Sour foods stimulate digestion, but they also support circulation and elimination, and increase absorption of minerals such as iron. The vitamin C in sour lemon juice increases your absorption of iron from both plant and animal sources of this mineral. This is a great reason to add lemon juice to your green salads.
The pungent taste can be very hot like that found in chilli; warm like that in garlic, cinnamon or ginger; or cool like that in peppermint. All are wonderful digestives as well as ways to make a meal more delicious, aromatic, and interesting.
Scared you can't hack the bitter truth? Start with a little parsley sprinkled on your meal, or try a few rocket leaves in a salad with some olive oil and salt. You might find that the more you eat bitter, sour and pungent foods, the more you’ll want to eat them.
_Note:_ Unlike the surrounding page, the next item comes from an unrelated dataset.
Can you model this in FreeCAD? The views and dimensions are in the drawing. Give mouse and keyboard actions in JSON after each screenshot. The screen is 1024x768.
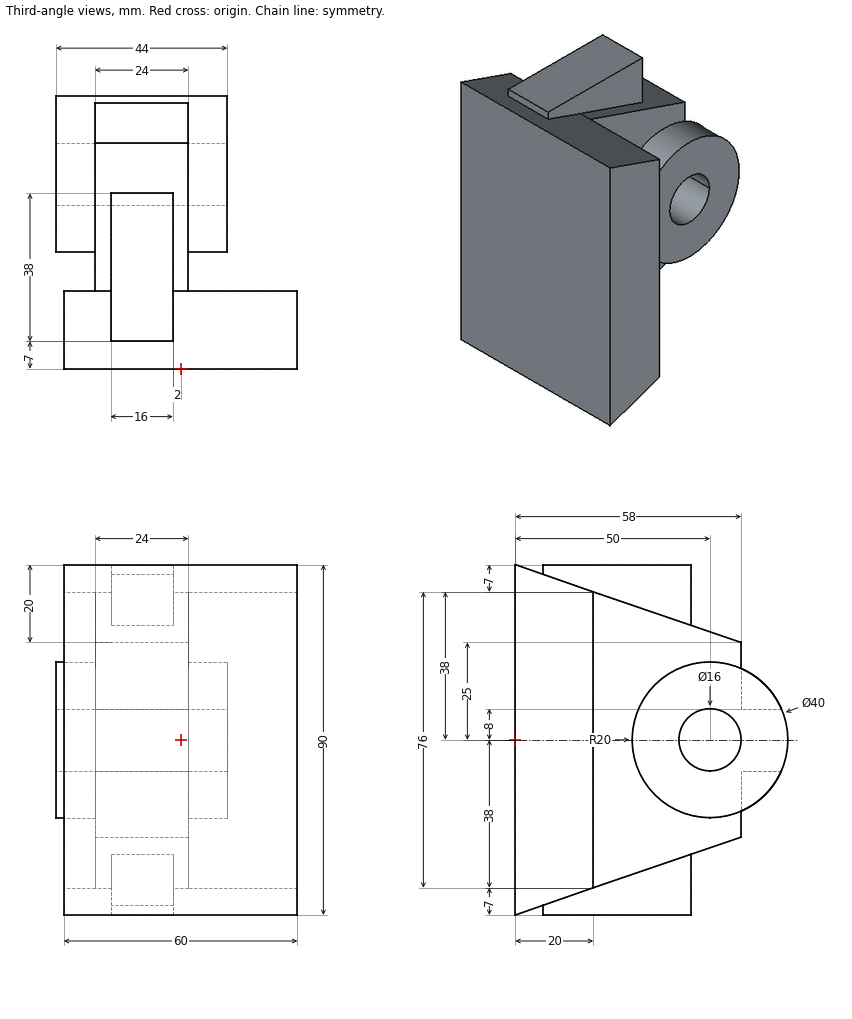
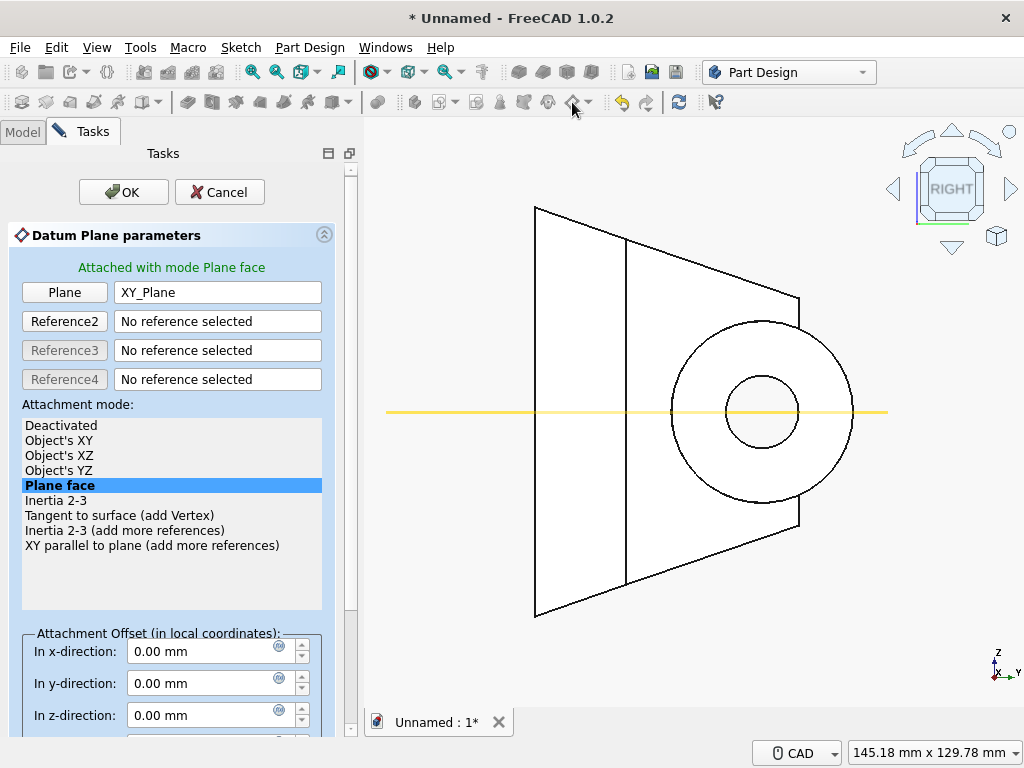
{"action": "triple_click", "coordinate": [210, 715]}

The therapeutic use of flavours
In traditions like Chinese medicine and Ayurveda it has long been known that the flavour of a food provides valuable insights into the actions and medicinal properties of that food. For example the bitter flavour of dandelion leaves reduces both heat and damp conditions – think infections and inflammation. Keep in mind that the flavour describes the therapeutic property of the food rather than the taste you experience on your tongue.
The five basic tastes in Traditional Chinese Medicine are sweet, salty, sour, pungent, and bitter. Ayurveda adds a sixth taste to this list: astringent.
The Western diet provides an abundance of the first two tastes. Currently, bitter tastes are usually only encountered in beer, coffee, tea, and chocolate. But we can introduce the other flavours to our meals – in fact, doing so can elevate the entire experience of eating.
As a child my mum (who is Chinese) served us vegetables like bitter melon (which is nothing but bitter!) sautéed in garlic, salt and sesame oil, a dish I still love to this day. This was an accompaniment to the sweetness of jasmine rice and the sweet saltiness of steamed chicken. Sliced chilli, pungent spring onions, cabbage and other side dishes rounded out the flavour profile of the meal.
In both Chinese medicine and Ayurveda, the hallmark of a balanced meal is the inclusion of all of the flavours, whereas western nutrition tends to refer to the balance of macronutrients (carbohydrates, fat and protein).
From a nutritional science perspective sweet and salty foods provide carbohydrate, fat, protein and water, whereas the bitter, sour, pungent and astringent foods are high in vitamins, minerals and antioxidants. We need all of the flavours for optimal health and enjoyment of food.
Overview of the Five Flavours
It’s an art and a form of self-love to cook ourselves food that involves all the five flavours and to eat with awareness, allowing ourselves to enjoy and have fun with our food.
If you're interested in learning more about how to safely identify, forage and use wild growing greens (including our bitter friends), join me on my next Herb Walk - these are a fun and enlightening way to forge stronger relationships with the green allies growing around us that we can call upon as food and medicine. And many wild greens are bitter, sour and pungent!
Now excuse me while I duck out to pick some greens from under the trampoline.
Happy foraging!
Casey
* Please note: If foraging for wild edible plants always be sure you have correctly identified them before eating them.